Skate (stylized as skate.) is a skateboarding video game for the Xbox 360, PlayStation 3, and mobile phones. It was developed by EA Black Box and released in 2007.

Two sequels, Skate 2 and Skate 3, have been released for the Xbox 360 and PlayStation 3, as well as Skate It, a spin-off for the Wii, Nintendo DS and iOS platforms.

Development[edit]

The game's "flick it" control system began development long before any graphics had been implemented: the initial prototype simply read analogue stick motions and displayed a basic text message saying what trick had been performed, along with speed and accuracy ratings.[3] The developers found that in order to receive accurate information from the very fast analogue stick motions used when playing the game, input data from each control pad had to be read at a rate of 120 Hz.[3]

The game relies extensively on physics to model the skateboarders' movement.
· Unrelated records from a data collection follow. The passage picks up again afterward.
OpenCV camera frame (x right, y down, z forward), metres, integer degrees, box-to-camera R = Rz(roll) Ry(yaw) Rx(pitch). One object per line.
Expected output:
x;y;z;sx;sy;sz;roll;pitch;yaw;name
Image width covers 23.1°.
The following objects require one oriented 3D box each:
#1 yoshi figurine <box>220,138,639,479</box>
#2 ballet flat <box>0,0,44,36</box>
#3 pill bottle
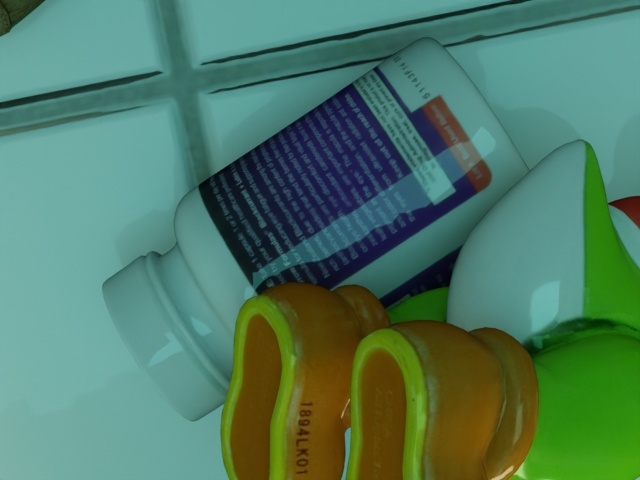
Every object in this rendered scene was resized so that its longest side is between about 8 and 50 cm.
0.147;0.089;0.698;0.362;0.203;0.203;-6;61;-31;yoshi figurine
-0.185;-0.256;0.675;0.124;0.116;0.342;-25;103;-19;ballet flat
0.000;0.000;0.730;0.193;0.108;0.108;-33;102;3;pill bottle

Havok, Endorphin and others were considered, but ultimately a RenderWare package called "Drives" was used to model the joints of the human body.[3] Initially the development team planned to include the ability for the player to get off of the skateboard and walk around, but animating this proved to be too big a challenge for the team to handle.[4] Similarly the developers also wanted players to be able to play as a girl but this was also discarded after proving tough to animate.[4]

Evidence from different versions of EA's official website for Skate show that the game has been through some major changes in development. For example, one screenshot, dated "04/06/2007", shows that San Vanelona was originally planned to be a coastal city, featuring a football stadium, harbour and cruise liner.[citation needed]

Major changes were also made to the soundtrack. Originally planned to feature "Roadhouse Blues" by The Doors, the soundtrack now focuses more heavily on hip-hop. Some songs appear in both studio and remixed form.[citation needed]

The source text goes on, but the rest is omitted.